● **SUPPLIED MATERIAL**:
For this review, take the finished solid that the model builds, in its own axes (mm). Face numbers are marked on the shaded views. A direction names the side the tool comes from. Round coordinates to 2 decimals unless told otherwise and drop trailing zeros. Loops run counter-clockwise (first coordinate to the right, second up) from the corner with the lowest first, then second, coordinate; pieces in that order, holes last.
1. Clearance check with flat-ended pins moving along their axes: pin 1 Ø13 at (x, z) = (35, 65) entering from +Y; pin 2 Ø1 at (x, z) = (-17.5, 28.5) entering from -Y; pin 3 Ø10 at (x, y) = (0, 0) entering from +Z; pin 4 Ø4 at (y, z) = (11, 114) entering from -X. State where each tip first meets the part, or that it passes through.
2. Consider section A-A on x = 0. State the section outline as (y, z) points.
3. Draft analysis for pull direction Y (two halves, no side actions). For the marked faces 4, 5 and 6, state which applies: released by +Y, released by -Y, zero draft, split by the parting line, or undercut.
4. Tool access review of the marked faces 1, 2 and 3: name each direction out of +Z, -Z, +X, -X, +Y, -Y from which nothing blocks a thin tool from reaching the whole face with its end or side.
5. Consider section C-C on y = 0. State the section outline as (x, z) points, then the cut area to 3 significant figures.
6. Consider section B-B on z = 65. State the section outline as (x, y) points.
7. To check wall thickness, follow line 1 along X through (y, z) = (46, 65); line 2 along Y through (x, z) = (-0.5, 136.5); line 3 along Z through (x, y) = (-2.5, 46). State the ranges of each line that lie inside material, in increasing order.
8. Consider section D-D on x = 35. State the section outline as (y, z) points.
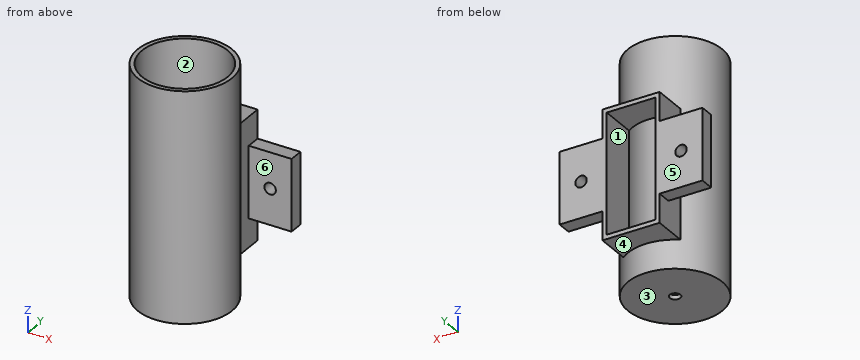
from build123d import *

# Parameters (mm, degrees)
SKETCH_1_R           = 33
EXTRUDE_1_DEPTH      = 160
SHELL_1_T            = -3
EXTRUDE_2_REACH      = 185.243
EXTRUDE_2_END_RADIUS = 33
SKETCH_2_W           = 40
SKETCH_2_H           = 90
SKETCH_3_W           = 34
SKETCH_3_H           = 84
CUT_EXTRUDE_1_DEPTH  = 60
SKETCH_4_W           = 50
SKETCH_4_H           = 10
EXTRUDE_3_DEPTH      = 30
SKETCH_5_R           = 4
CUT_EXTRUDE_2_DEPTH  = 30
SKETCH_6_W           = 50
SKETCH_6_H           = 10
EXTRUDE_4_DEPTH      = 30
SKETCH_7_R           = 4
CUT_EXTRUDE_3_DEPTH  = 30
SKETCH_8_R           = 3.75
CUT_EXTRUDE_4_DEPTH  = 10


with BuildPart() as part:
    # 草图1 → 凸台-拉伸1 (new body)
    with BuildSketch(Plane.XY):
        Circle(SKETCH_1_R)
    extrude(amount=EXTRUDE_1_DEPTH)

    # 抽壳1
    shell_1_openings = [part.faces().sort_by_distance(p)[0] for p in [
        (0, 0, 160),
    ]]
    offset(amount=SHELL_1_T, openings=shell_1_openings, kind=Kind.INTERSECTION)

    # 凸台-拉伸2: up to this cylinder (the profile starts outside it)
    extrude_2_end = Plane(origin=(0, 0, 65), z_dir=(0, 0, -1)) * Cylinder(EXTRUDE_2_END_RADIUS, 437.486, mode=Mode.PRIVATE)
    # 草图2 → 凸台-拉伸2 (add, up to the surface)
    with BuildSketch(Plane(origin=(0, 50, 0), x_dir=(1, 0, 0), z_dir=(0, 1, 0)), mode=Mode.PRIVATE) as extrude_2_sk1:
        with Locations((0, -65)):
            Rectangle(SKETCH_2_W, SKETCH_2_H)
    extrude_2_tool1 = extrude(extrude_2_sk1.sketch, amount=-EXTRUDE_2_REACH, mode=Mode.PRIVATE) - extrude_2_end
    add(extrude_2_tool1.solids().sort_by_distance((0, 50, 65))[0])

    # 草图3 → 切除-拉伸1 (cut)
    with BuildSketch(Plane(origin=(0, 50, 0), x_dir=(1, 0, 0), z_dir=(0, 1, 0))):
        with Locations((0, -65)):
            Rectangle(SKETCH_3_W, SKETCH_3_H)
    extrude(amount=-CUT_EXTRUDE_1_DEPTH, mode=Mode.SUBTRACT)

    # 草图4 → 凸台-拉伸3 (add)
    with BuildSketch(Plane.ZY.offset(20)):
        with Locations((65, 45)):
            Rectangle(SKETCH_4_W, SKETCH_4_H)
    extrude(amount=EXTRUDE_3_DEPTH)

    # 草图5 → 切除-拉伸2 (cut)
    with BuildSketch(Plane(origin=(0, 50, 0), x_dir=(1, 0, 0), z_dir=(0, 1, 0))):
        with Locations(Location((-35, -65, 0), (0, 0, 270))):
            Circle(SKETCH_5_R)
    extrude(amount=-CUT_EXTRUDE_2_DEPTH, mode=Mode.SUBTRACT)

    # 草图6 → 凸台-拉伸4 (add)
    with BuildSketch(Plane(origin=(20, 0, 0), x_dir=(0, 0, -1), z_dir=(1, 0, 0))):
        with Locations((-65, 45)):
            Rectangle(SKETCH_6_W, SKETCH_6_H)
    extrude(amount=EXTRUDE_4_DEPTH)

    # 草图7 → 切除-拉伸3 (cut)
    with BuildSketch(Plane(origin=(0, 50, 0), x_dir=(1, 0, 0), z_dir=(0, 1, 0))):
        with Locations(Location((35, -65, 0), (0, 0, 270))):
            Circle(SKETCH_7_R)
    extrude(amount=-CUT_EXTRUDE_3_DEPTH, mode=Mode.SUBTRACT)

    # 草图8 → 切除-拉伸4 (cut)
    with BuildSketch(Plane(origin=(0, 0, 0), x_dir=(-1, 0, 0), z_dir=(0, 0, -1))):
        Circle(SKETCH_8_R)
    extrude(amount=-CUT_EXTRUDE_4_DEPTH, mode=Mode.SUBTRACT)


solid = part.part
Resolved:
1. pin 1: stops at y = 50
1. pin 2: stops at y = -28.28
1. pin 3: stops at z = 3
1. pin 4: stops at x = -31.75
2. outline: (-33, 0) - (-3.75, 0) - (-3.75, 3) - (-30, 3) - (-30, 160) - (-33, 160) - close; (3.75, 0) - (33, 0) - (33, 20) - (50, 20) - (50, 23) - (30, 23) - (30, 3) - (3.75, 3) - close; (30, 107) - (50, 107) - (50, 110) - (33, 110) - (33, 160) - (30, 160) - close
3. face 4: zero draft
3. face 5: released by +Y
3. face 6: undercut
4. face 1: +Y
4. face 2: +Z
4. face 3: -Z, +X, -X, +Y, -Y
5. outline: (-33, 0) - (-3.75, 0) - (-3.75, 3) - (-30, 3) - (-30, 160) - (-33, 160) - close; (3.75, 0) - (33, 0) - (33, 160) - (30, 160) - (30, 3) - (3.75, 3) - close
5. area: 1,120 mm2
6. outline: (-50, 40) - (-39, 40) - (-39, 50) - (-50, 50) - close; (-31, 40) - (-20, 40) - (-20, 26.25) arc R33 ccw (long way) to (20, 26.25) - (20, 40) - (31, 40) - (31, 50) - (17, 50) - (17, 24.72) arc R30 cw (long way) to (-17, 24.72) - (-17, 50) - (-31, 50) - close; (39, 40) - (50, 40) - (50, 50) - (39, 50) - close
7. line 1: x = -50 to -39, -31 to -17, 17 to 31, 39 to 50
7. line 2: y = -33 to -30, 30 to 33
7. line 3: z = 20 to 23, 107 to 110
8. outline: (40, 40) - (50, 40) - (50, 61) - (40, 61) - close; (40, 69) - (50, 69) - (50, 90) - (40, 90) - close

● **WORK REQUEST**: Find every line in the data above that holds the string "check". Give the number of such lines and nothing else.

● **RESPONSE TO THE EXERCISE**: 2